Thark

Ben Travers
Snapdragon Productions
Park Theatre

Clive Francis and Sarah-Jayne Butler Credit: Ben Broomfield
Claire Cartwright and James Dutton Credit: Ben Broomfield
Clive Francis and James Dutton Credit: Ben Broomfield

In his day, Ben Travers was regarded as one of the great farceurs, his Aldwych Farces bearing comparison with those of Feydeau.

86 years on, with the assistance of Clive Francis who has adapted the piece and then stepped into the breach as leading actor, Thark returns to the repertoire.

It is generally a good maxim that directors of farces should allow the script to do the work without out too much added assistance. If they aren't good enough to be seen on their own terms, then it is almost certainly better to leave them to posterity's forgetfulness.

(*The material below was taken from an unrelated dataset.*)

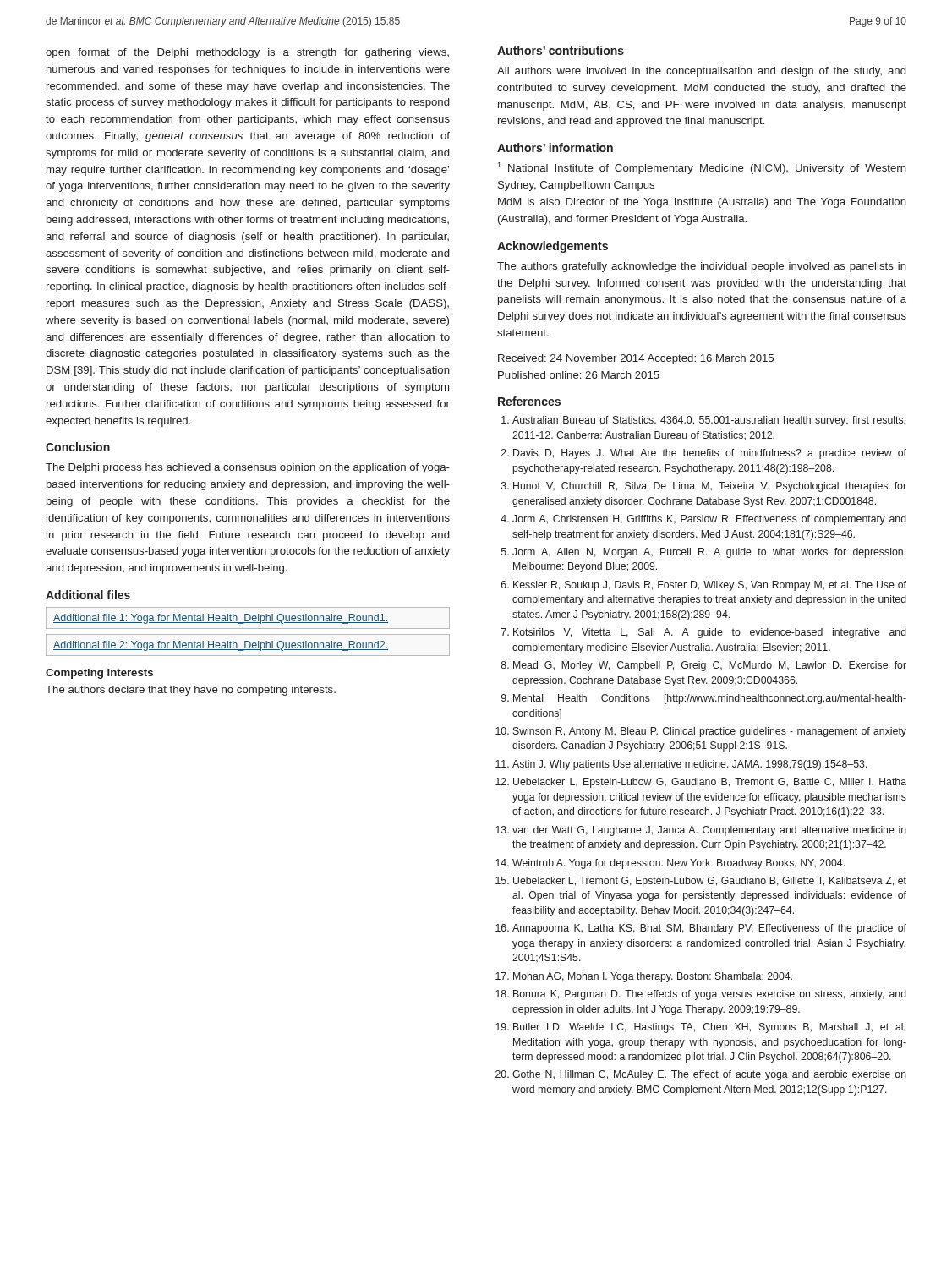Point to the block beginning "Astin J. Why patients"
The width and height of the screenshot is (952, 1268).
point(702,765)

On this occasion, Eleanor Rhode has taken the opposite approach. Particularly in the early scenes, she attempts to create comedy by asking her cast to overact and play for laughs, which can have the opposite effect to that intended.

Frequently during this two-hour production, the scripted jokes literally pass the audience by unnoticed without a single laugh, while bits of stage business try to take their place.

This makes it difficult to judge whether Thark has long ago had its day or a future revival might leave a fresh audience convulsed with the kind of laughter that must have greeted the original cast in 1927, in a West End run that eventually lasted around the year and exceeded 400 performances.

The plot does appear to be pretty thin to modern eyes. Lecherous old Sir Hector Benbow, played by Francis, has hooked a pretty, simpering young thing played by Lucy May Barker who is as dim as the ageing knight but 50 years younger.

She inevitably arrives at his home at the same time as Lady B, given a calmer and stronger portrayal than any other characters by Mary Keegan and Sir Hector's ward, Claire Cartwright as Kitty. To add to the confusion, Kitty is engaged to the Benbows’ nephew Ronnie, who quickly becomes a fall guy.

Predictable trouble ensues for all, as the old roué attempts to extricate himself pointing the finger of blame at James Dutton's Ronnie, Hook the straight-talking Butler and anyone else who happens to be passing.

At the same time, Sir Hector has sold what is apparently a haunted house to a Mrs Frush and the second act is located there, with minimal changes to a set that doesn't really make too much sense of place at either location.

Once again, Sir Hector and his brainless nephew have women trouble in true farcical fashion, there without doors or falling trousers.

While much that has gone before treads tried and trusted ground, the surprising ending literally brings the house down and is probably the reason why Thark was a hit in the first place.